I thought I had found something good.
Fergus Hume’s short story “A Spirit in My Feet” (1906) begins with a doctor preparing to open his practice in a rural English town. He asks why a prime property is being offered for such low rent, and he’s told it’s because of the previous tenants.
They packed their bags and vamoosed, claiming there’s a ghost.
It’s an introduction found in many Victorian ghost stories, but I was hoping this doctor character might give me another name to add to my list of early occult detectives. After all, doctor-detectives have a prominent place on that list. In fact, after Hume’s skeptical physician agrees to occupy the allegedly haunted house — but begins to experience odd feelings of being watched once he’s moved in — he tells himself: “I shall go to bed, and to-morrow take steps to investigate the cause of these silly fears.”
I hoped there would be an investigation, turning the doctor into a detective, if only a debunking detective. But the ghost is revealed to be real! And there’s a crime underlying the haunting! Things were looking promising.
Unfortunately, it’s the ghost — not the doctor — who becomes the active agent in unraveling the crime and haunting. That and dumb luck. The doctor remains a central but passive participant. In the end, it would be too great a stretch to call him an occult detective.
I had better luck with another short story, “The Spectre in the Cart” (1899), by Thomas Nelson Page. Page, it should be noted up front, is among the “Lost Cause” school of writers. Working in the wake of the American Civil War, these Southern, white writers defended their region and history by portraying rebel leaders as heroic and the North — especially, Reconstruction — as villainous. African-Americans are portrayed as devoted to serving their white neighbors, perpetuating the myth that slavery was in keeping with racial predilection.
“The Spectre in the Cart” takes place “the year after we had emancipated ourselves from carpet-bag rule,” according to the central narrator. This narrator, named Stokeman, is the State’s Attorney for his close-knit county. When a murder occurs, he assumes the role of detective to find the criminal. The trouble is traced to Absalom Turnell, an African-American character, who left the community and returned with fervent racial animosity. The unsubtle implication is that the races would have gotten along just fine in the South if not corrupted by outside — read: Yankee — ideas of racial justice.
Though Stokeman attempts to ensure that Absalom is subject to due process of law, mob rule and masked vigilantes ultimately decide the case. Absalom is lynched. Stokeman is left haunted psychologically by the events. He is also literally haunted by apparitions.
All of this might seem far too serious a subject to qualify for occult detective fiction. Admittedly, it’s not an easy fit. The supernatural element seems to be a side effect or a metaphor to express the main character’s mental damage instead of the focus of the story. A similar feeling is evoked in W.W.’s “The Phantom Hearse,” found on my list under 1889. Yet both of these stories blur the line between violations of moral laws and physical laws, a line that is key to occult detective fiction.

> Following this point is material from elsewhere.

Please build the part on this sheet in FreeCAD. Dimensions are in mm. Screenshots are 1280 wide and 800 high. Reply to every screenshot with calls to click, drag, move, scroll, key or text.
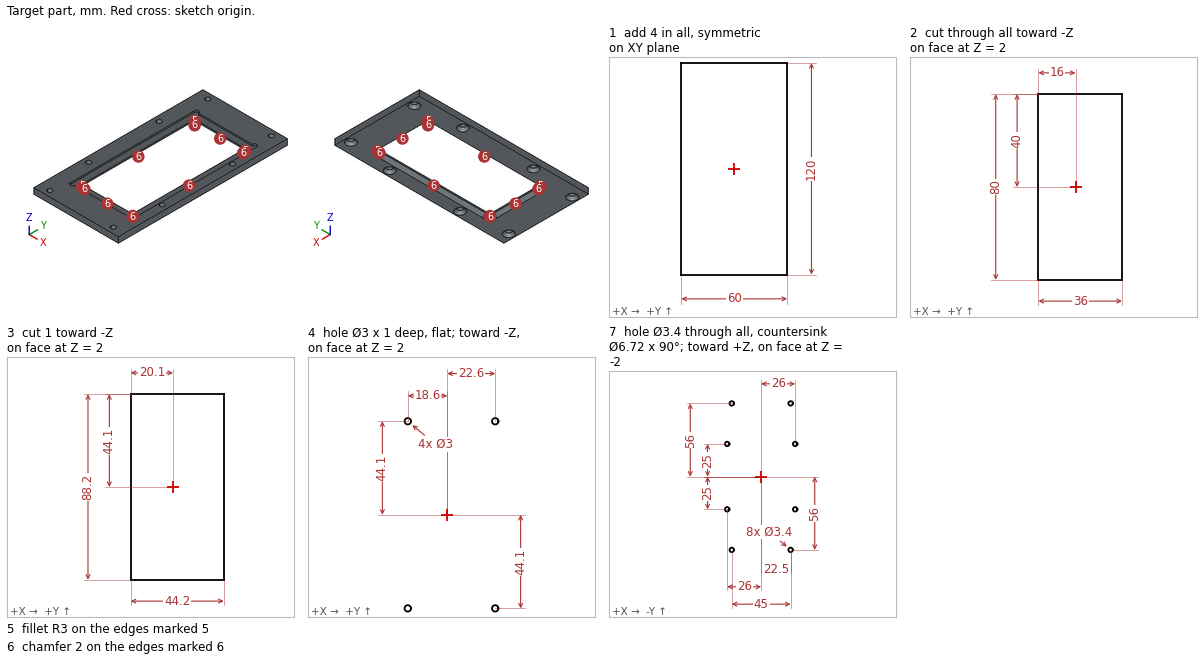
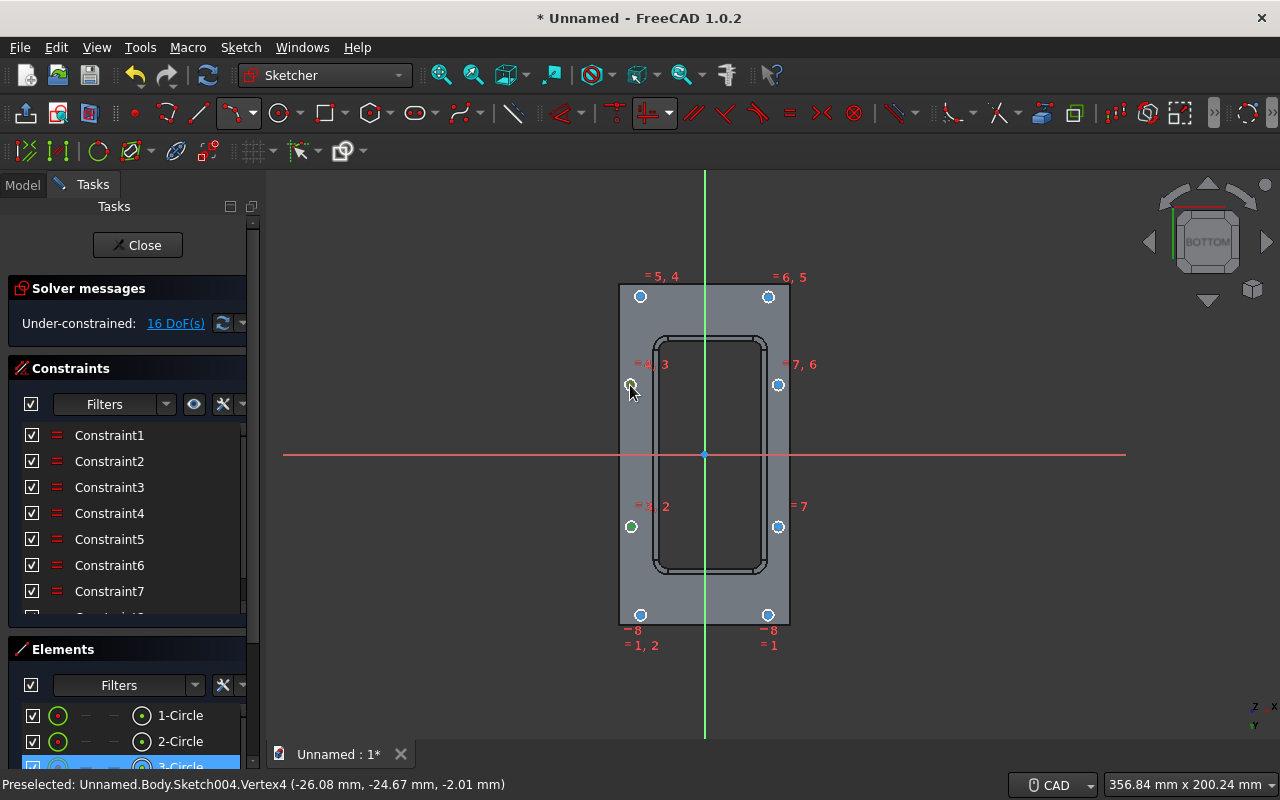
key(v)

Furthermore, “The Spectre in the Cart” opens with Stokeman debunking reports of an earlier, unrelated haunting. He has a history of investigating occult phenomenon, in other words. By the story’s end, though, he’s a man who is forced to accept the fact that physical laws can be broken just as moral ones can. As such, he is an especially interesting novice-detective, joining those occult detectives who confront supernatural intrusions into the natural world for the first time.